Chinese online retailer Temu has sharply raised prices for U.S. customers by imposing import charges of roughly 145%, following the Trump administration's new round of tariffs on Chinese goods. The sudden price hikes have stunned shoppers, in some cases more than doubling the cost of popular items.

Starting over the weekend, Temu began adding steep fees at checkout, citing the need to cover "customs-related processes and costs." A CNBC analysis showed that an $18.47 summer dress now costs $44.68 after a $26.21 import charge, while a $12.44 child's swimsuit surges to $31.12 when $18.68 in fees are included.

Temu's website states, "Items imported into the U.S. may be subject to import charges. These charges cover all customs-related processes and costs, including import fees paid to customs authorities on your behalf. The amount listed may not represent the actual amount paid to customs authorities." Representatives for Temu did not immediately respond to requests for comment.

The abrupt changes come after President Donald Trump imposed a 145% tariff on many Chinese imports and pledged to end the "de minimis" exemption, which had previously allowed goods valued under $800 to enter the U.S. duty-free. Temu, owned by PDD Holdings, had relied heavily on this loophole to fuel its explosive U.S. growth since launching in 2022.

Temu Slaps 145% Import Charges on U.S. Shoppers Following Trump Tariffs

By contrast, rival discount retailer Shein has absorbed the additional costs into its product pricing, telling customers at checkout, "Tariffs are included in the price you pay. You'll never have to pay extra at delivery."

Temu's value proposition, based on ultra-low prices, has been eroded. The platform allowed budget-conscious Americans to buy clothing, electronics, and home goods cheaply, often tolerating longer shipping times from China. Now, with prices climbing and delivery delays persisting, many consumers are reconsidering their loyalty.

The platform's online traffic has already taken a hit. Sensor Tower data show that Temu's ranking in Apple's App Store has plunged to No. 73, after months of consistently ranking in the top 10. Shein, facing similar challenges, has also fallen, now sitting at No. 54.

Social media platforms, especially Reddit, have seen a flood of discontent. "R.I.P. Temu, it was nice while it lasted," one user wrote. Another commented, "From shopping like a billionaire to shopping like a peasant in one day."

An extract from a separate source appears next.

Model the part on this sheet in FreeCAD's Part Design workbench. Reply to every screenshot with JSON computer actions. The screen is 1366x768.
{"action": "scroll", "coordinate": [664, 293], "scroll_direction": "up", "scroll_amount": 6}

Some shoppers have reported extreme cases. NBC News cited one Temu order where a three-pack of men's shorts priced at $23.61 ballooned to $56.36 after a $32.75 import charge. Another user on X (formerly Twitter) posted that a $64 cart resulted in nearly $90 in import charges, while another faced $135 in fees on $86 worth of goods.

Temu appears to be trying to mitigate some of the fallout by promoting items stored in U.S.-based warehouses. Products labeled "local" on the platform are now prominently featured, with green banners declaring "no import charges." A review of Temu's "lightning deals" page on Monday found that over 75% of highlighted products carried the "local" tag.

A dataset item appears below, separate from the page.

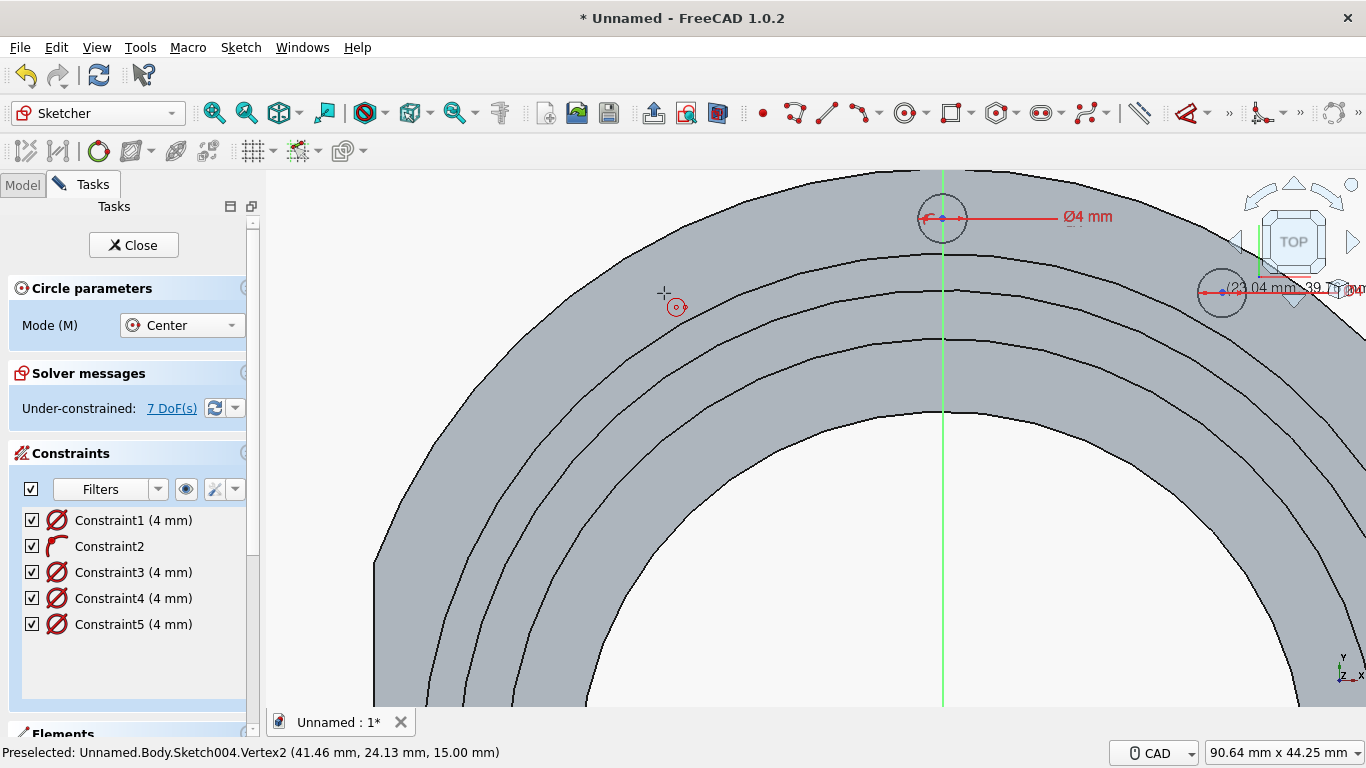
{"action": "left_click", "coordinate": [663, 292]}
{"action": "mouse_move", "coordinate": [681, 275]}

Meanwhile, broader tensions between Washington and Beijing continue to escalate. Treasury Secretary Scott Bessent said Monday that it would be up to Beijing to de-escalate the trade dispute. Barclays analysts wrote in a note that the tariffs "amount to a trade embargo on both sides."

Temu had previously warned customers that it would adjust prices starting April 25. "Due to recent changes in global trade rules and tariffs, our operating expenses have gone up," the company said earlier this month. "To keep offering the products you love without compromising on quality, we will be making price adjustments."